On July 13, 2018, counsel for Mid Penn and First Priority received notification that a complaint was filed in the Court of Common Pleas of Chester County, Pennsylvania, against members of the board of directors of First Priority, First Priority and Mid Penn. The lawsuit, which is captioned Parshall v. Sparks, et al., Case No. 2018-07025-MJ, alleges claims brought directly by one First Priority shareholder, Paul Parshall, but purports to state class claims on behalf of all First Priority shareholders. The lawsuit is based on allegations that the First Priority directors breached their fiduciary duty through material misstatements and/or omissions in the proxy statement/prospectus distributed to shareholders of First Priority and Mid Penn in connection with the pending merger of First Priority with and into Mid Penn. The lawsuit further alleges that the merger consideration is inadequate. Mid Penn is alleged to have aided and abetted the First Priority directors’ alleged breaches of their fiduciary duties. The lawsuit seeks, among other remedies, to enjoin the merger or, in the event the merger is completed, rescission of the merger or rescissory damages; unspecified damages; and costs of the lawsuit, including attorneys’ and experts’ fees. Mid Penn believes that the lawsuit is without merit as there are substantial legal and factual defenses to the claims asserted and intends to vigorously defend the lawsuit. It is not possible at this time to estimate reasonably possible losses, or even a range of reasonably possible losses, in connection with the litigation.
ITEM 2 – MANAGEMENT’S DISCUSSION AND ANALYSIS OF FINANCIAL CONDITION AND RESULTS OF OPERATIONS
The following is Management’s Discussion of Consolidated Financial Condition as of June 30, 2018, compared to year-end 2017, and the Results of Operations for the three and six months ended June 30, 2018, compared to the same period in 2017. For comparative purposes, the June 30, 2018 and December 31, 2017 balances have been reclassified, when, and if necessary, to conform to the 2018 presentation. Such reclassifications had no impact on net income.
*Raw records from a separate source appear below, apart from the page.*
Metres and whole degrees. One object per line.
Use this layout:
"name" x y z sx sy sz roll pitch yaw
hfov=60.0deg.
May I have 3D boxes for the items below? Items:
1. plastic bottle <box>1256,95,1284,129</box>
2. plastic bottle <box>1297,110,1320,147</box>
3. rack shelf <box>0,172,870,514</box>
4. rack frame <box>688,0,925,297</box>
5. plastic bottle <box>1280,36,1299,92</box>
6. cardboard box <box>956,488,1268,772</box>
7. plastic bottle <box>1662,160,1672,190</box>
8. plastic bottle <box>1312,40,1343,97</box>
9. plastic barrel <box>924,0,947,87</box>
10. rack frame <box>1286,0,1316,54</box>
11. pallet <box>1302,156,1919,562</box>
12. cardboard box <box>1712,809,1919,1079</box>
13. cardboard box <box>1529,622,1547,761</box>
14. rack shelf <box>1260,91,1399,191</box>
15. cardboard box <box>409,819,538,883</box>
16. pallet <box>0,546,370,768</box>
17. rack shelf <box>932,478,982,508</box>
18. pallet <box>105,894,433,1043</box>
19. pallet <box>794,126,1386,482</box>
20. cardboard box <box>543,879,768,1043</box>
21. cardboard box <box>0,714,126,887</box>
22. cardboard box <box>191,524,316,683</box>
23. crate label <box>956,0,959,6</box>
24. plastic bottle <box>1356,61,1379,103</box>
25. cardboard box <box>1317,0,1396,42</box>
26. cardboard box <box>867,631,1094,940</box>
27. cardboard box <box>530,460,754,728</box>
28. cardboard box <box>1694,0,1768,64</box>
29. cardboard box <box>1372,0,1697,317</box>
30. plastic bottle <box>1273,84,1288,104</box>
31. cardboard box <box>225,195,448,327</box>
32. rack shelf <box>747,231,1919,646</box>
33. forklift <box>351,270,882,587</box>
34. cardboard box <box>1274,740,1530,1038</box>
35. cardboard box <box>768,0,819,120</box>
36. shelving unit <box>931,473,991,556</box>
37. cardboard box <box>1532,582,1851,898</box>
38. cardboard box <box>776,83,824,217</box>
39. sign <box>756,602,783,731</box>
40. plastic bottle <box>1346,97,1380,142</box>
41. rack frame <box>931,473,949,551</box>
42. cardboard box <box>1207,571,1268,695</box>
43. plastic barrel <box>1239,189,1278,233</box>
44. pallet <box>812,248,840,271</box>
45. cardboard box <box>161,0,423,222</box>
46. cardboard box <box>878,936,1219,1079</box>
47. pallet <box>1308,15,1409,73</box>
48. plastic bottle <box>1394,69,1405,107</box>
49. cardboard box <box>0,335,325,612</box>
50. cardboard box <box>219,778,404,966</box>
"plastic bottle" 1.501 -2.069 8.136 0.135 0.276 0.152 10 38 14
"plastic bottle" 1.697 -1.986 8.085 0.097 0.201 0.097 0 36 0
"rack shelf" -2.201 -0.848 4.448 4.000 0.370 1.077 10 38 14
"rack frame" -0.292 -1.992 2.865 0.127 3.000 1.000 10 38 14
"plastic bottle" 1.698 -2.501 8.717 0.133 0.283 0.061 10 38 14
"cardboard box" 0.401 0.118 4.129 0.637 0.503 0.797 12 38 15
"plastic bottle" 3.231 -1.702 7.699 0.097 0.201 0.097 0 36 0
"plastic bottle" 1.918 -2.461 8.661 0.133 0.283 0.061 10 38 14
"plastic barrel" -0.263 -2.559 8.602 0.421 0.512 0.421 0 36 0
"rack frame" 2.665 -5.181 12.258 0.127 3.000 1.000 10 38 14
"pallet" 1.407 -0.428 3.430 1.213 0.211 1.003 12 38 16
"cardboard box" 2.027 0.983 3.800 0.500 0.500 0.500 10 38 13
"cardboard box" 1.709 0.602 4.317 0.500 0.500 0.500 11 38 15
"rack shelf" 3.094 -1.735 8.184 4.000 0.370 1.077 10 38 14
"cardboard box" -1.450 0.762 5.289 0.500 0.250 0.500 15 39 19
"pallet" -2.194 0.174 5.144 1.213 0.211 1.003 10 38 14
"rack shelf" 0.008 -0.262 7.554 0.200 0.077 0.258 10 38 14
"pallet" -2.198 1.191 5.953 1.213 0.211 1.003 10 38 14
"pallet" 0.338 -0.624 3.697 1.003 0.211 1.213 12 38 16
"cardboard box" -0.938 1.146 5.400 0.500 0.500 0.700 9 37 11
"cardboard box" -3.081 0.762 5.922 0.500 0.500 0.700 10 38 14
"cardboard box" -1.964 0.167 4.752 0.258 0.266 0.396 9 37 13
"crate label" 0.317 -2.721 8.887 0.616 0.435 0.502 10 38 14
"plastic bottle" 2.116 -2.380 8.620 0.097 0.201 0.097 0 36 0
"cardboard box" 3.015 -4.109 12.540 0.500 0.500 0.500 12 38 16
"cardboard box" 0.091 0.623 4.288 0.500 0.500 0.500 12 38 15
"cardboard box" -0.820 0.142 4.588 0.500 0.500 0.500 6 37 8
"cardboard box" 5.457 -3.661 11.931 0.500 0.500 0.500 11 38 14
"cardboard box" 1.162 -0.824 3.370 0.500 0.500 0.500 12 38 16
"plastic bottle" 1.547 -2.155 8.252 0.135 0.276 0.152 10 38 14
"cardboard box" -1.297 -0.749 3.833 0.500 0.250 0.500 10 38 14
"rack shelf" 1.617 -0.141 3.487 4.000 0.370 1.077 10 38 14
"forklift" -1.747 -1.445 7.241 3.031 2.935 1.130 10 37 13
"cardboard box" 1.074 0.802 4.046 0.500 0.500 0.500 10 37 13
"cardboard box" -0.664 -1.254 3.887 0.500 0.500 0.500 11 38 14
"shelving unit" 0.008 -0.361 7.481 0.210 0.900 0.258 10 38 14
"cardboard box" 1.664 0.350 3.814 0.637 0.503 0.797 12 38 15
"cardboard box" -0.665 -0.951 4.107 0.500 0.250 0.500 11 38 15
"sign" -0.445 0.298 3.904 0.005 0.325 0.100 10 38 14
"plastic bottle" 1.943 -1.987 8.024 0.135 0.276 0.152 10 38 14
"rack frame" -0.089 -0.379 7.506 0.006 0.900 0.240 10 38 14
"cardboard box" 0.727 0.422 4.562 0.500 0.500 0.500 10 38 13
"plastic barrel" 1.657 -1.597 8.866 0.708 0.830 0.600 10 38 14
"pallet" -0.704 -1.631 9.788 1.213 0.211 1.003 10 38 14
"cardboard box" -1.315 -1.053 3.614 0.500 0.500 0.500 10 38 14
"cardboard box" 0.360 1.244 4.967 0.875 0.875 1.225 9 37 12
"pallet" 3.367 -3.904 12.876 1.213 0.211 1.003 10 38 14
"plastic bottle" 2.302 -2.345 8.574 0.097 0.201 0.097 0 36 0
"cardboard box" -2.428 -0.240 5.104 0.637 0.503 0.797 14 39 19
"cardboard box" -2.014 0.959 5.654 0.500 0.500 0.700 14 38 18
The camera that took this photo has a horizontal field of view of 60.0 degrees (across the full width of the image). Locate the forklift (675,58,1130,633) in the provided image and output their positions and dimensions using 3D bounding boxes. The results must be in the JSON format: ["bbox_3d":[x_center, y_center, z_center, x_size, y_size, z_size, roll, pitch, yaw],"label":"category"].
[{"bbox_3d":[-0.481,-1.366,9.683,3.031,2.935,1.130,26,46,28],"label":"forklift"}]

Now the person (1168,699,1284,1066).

This discussion should be read in conjunction with the financial tables, statistics, and the audited financial statements and notes thereto included in the Company’s Annual Report on Form 10-K for the year ended December 31, 2017 (the “2017 Annual Report”). The results of operations for interim periods are not necessarily indicative of operating results expected for the full year.
Caution About Forward-Looking Statements
Forward-looking statements involve risks, uncertainties and assumptions. Although Mid Penn generally does not make forward-looking statements unless Mid Penn’s management believes its management has a reasonable basis for doing so, Mid Penn cannot guarantee the accuracy of any forward-looking statements. Actual results may differ materially from those expressed in any forward-looking statements due to a number of uncertainties and risks, including the risks described in this Quarterly Report on Form 10-Q, the 2017 Annual Report, and other unforeseen risks. You should not put undue reliance on any forward-looking statements. These statements speak only as of the date of this Quarterly Report on Form 10-Q, even if subsequently made available by us on Mid Penn’s website or otherwise, and Mid Penn undertakes no obligation to update or revise these statements to reflect events or circumstances occurring after the date of this Quarterly Report on Form 10-Q.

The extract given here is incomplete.